Die Dichtkunst als Ernährerin

Angelika Kauffmann (1741-1807): Die Dichtung umarmt die Malerei (1782)
Standort: Sammlung Lord Iveagh Bequest, London;
Quelle: The Yorck Project via wikimedia.commens; Liz.: weltweit gemeinfrei.

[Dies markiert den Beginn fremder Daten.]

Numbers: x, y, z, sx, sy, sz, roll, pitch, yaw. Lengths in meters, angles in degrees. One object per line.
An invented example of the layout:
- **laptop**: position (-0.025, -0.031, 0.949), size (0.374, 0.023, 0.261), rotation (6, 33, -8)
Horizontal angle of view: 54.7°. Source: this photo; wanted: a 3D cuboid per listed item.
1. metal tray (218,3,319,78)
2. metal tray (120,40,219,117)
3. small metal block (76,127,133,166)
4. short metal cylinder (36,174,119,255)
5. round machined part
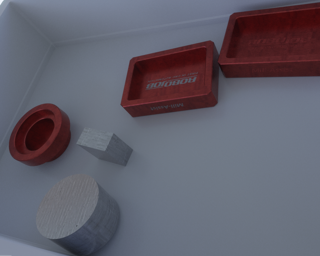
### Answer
- **metal tray**: position (0.148, -0.109, 0.391), size (0.130, 0.030, 0.090), rotation (4, 64, 29)
- **metal tray**: position (0.014, -0.067, 0.434), size (0.130, 0.030, 0.090), rotation (-6, 59, 24)
- **small metal block**: position (-0.072, 0.025, 0.411), size (0.050, 0.050, 0.025), rotation (10, 67, 32)
- **short metal cylinder**: position (-0.096, 0.102, 0.366), size (0.080, 0.050, 0.080), rotation (-15, 45, 15)
- **round machined part**: position (-0.178, 0.014, 0.478), size (0.098, 0.042, 0.098), rotation (-13, 56, 20)
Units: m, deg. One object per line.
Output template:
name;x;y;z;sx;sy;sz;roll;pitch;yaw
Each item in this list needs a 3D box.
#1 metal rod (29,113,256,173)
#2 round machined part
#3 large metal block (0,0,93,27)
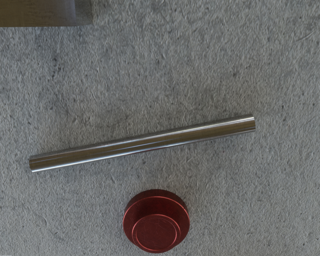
metal rod;-0.025;0.021;0.417;0.302;0.025;0.025;-11;110;3
round machined part;-0.005;0.143;0.453;0.099;0.042;0.097;0;110;-1
large metal block;-0.121;-0.135;0.329;0.081;0.080;0.050;-1;110;0

Die Dichtkunst als Ernährerin

Die Dichtkunst, sagte meine Mutter,
ist ein Geschäft ohn Brot und Butter.
Kein Mensch, von dem sie Kunde hätte,
läg nachts nicht sorgenvoll im Bette,
wär Dichtung nur sein Broterwerb.

Drum sollte ich was Rechtes lernen,
die Kunst verbannen in die Fernen,
mich fest auf meine Füße stellen
und meinen Geist mit dem erhellen,
was eine Frau zum Leben braucht.

Als braves Mädchen, das ich war,
befolgt ich das so manches Jahr,
doch blieb in meinem Hinterkopf
ein Zupfen an dem alten Zopf –
ich wollte ihn nicht tragen.

So nahm ich Stift mir und Papier
Und schrieb, ich kann ja nichts dafür,
so manchen Reim mir heimlich auf
und legt ihn auf den Stapel drauf,
für meinen Seelenfrieden.

Doch irgendwann war es mir leid,
hab' nur die eine Lebenszeit.
Ich suchte mir Gedichte aus
und machte mir ein Büchlein draus.

Ganz ohne wen zu fragen!

© A.W. (immergruen, 26.01.2017)

1 Kommentar:

  1. Glückwunsch zu diesem Gedicht!
    Die als Solitär dastehende allerletzte Verszeile sagt, dass Du letztlich Deinen Weg gefunden hast, eben "ganz ohne wen zu fragen".
    Es steht zu vermuten, dass auch Dein Mütterlein mit Dir zufrieden gewesen wäre.
    Angelika Kauffmanns Bild ist nicht die einzige Illustrationsmöglichkeit zur schreibenden Frau; wie auch Malerinnen, gab es sie schon lange, die Dichterinnen.
    Hier könnte man also durchaus noch weitere Bilder finden, reale und allegorische.